━━━ Records provided

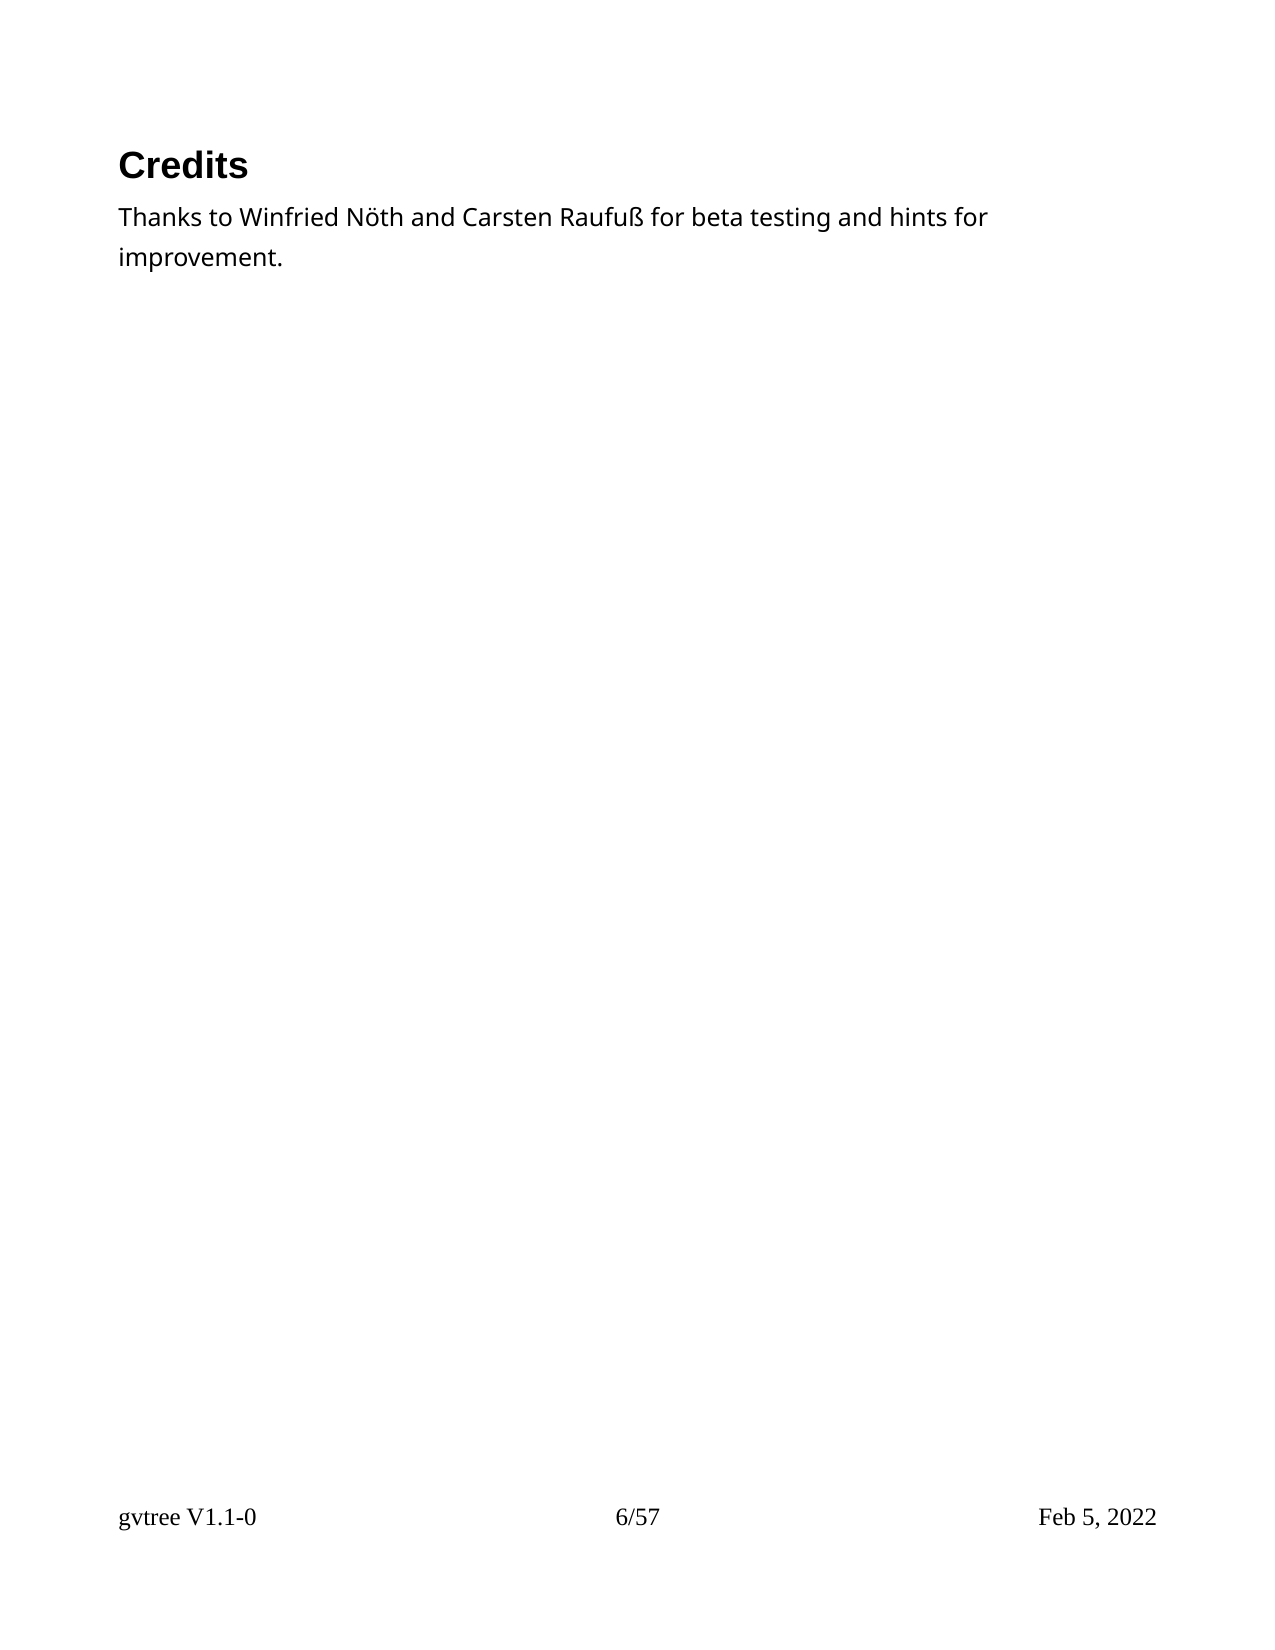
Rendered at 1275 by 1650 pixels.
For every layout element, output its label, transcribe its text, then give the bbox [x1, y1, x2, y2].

text Thanks to Winfried Nöth and Carsten Raufuß for beta testing and hints for improvement. [118, 199, 1157, 274]
subtitle Credits [118, 143, 1157, 187]
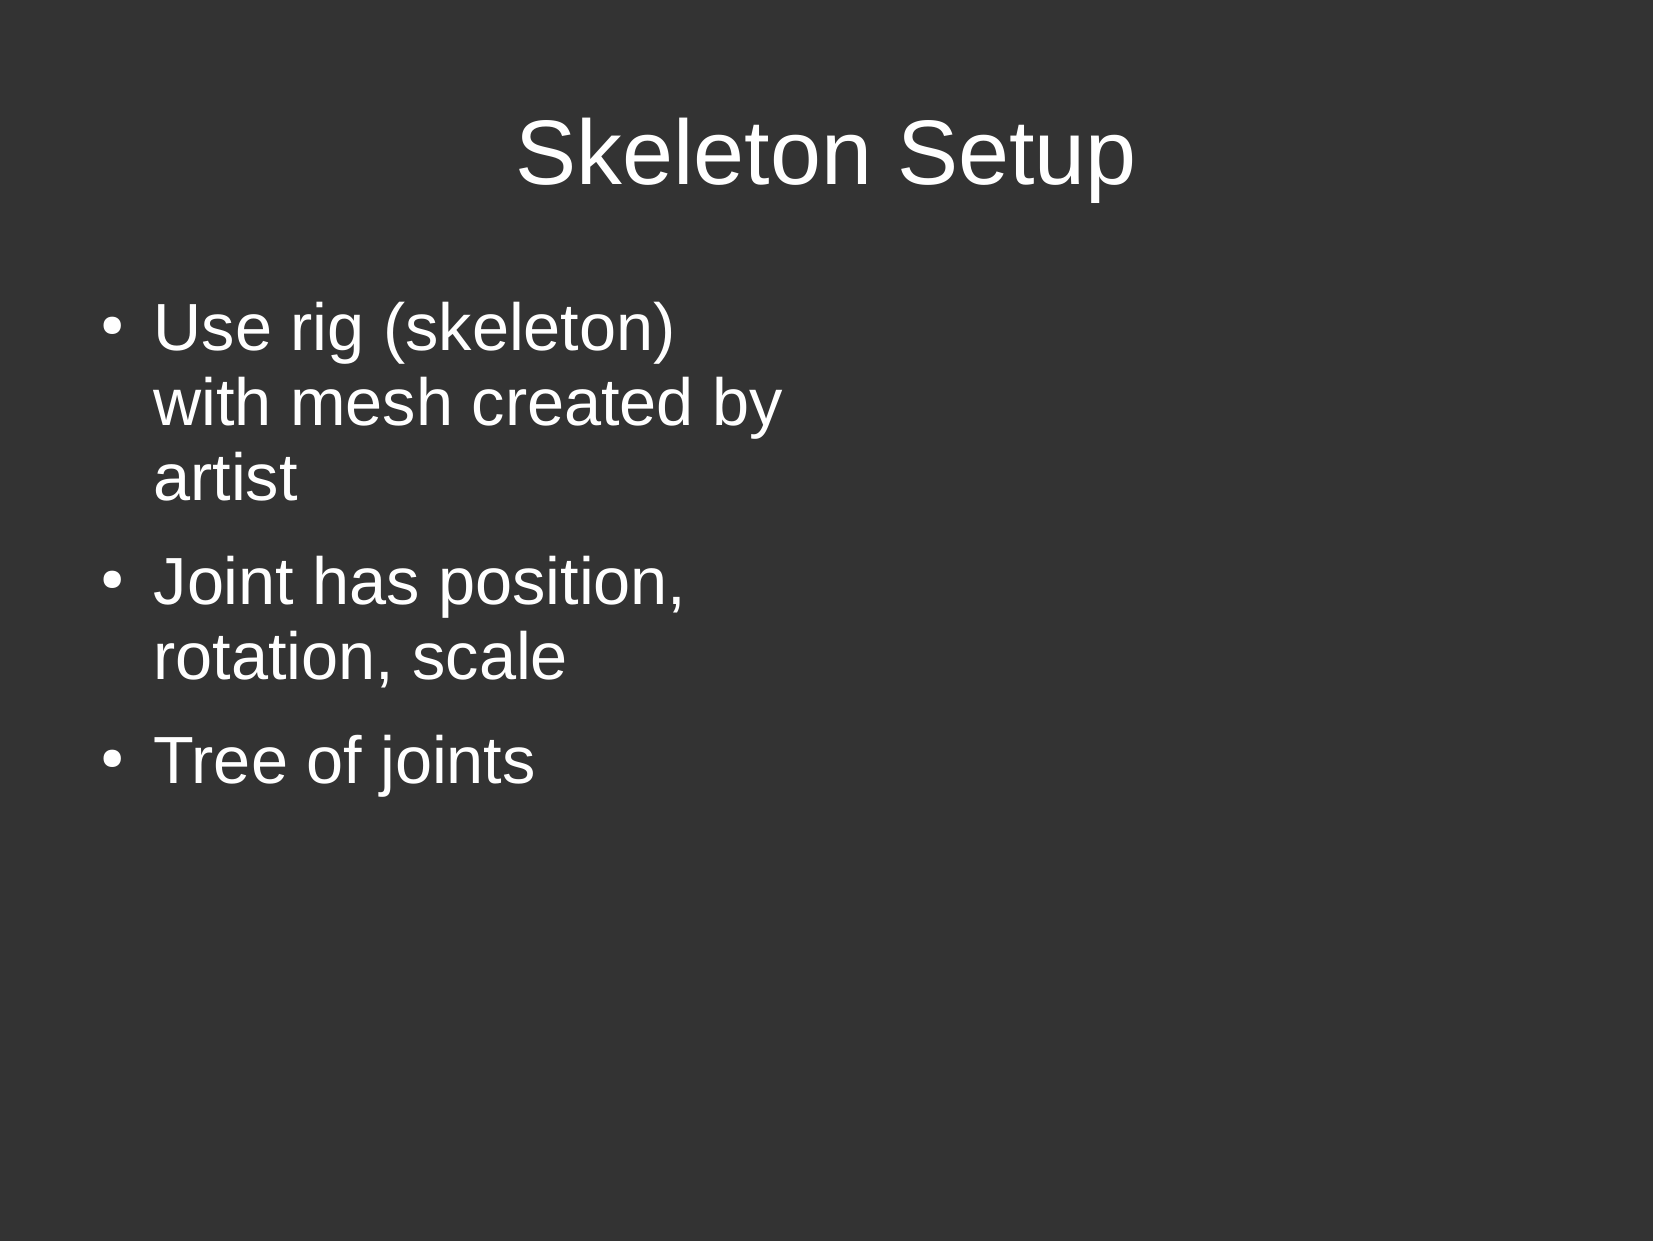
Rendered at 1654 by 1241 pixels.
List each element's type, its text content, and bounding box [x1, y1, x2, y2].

list Use rig (skeleton) with mesh created by artist Joint has position, rotation, scale Tree of joints [82, 290, 811, 1109]
title Skeleton Setup [82, 49, 1571, 257]
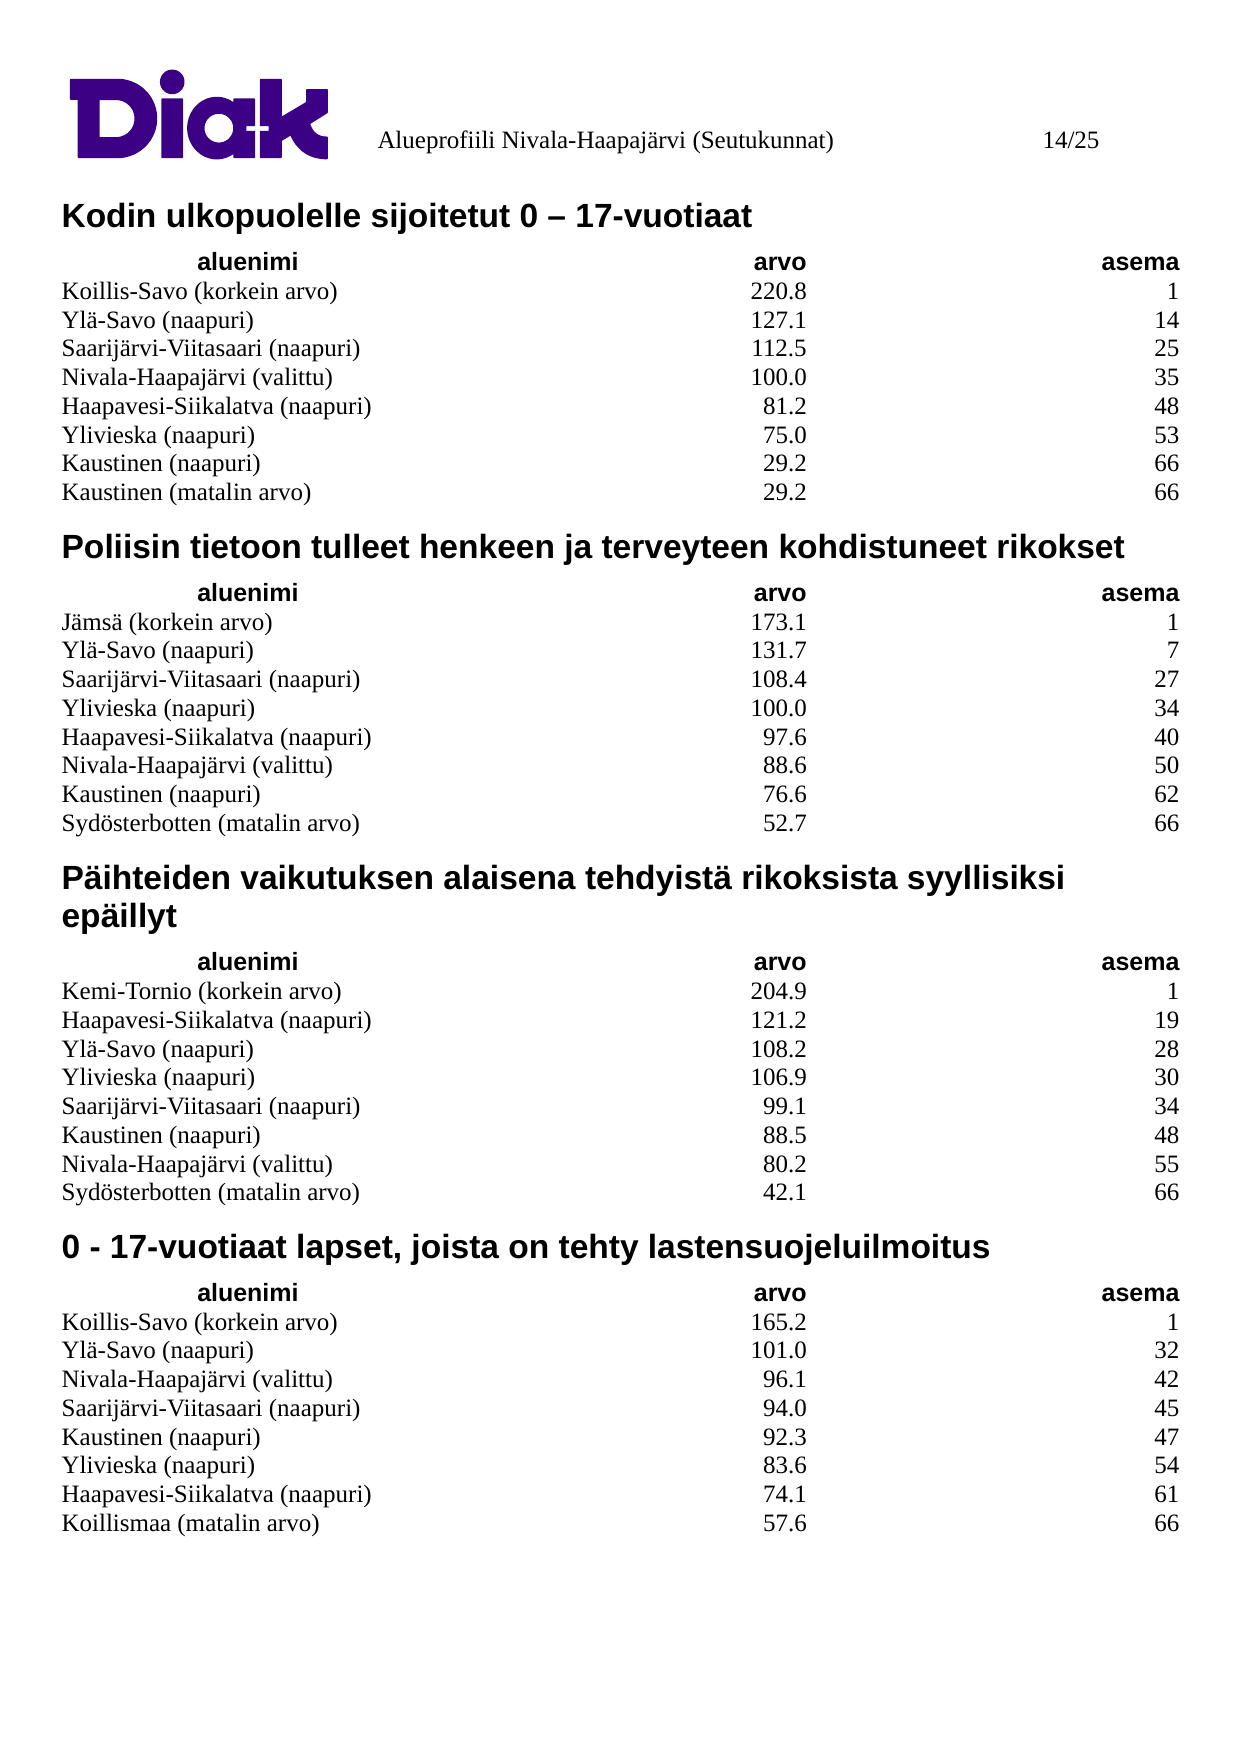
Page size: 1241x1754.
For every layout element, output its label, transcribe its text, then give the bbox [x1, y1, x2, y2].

━━━━━━

Directions for this task = Pictures stay out; the data above is to be returned exactly.

Answer below =
Rendered at 1275 by 1650 pixels.
For every layout element, output its label, transcribe its text, then give the bbox [x1, y1, x2, y2].

text Thanks to Winfried Nöth and Carsten Raufuß for beta testing and hints for improvement. [118, 199, 1157, 274]
subtitle Credits [118, 143, 1157, 187]
Rendered at 1654 by 1241 pixels.
List each element's type, its text content, and bounding box [x1, y1, x2, y2].

list Use rig (skeleton) with mesh created by artist Joint has position, rotation, scale Tree of joints [82, 290, 811, 1109]
title Skeleton Setup [82, 49, 1571, 257]
Page size: 1241x1754.
For every layout element, output its label, transcribe its text, then give the bbox [x1, y1, x2, y2].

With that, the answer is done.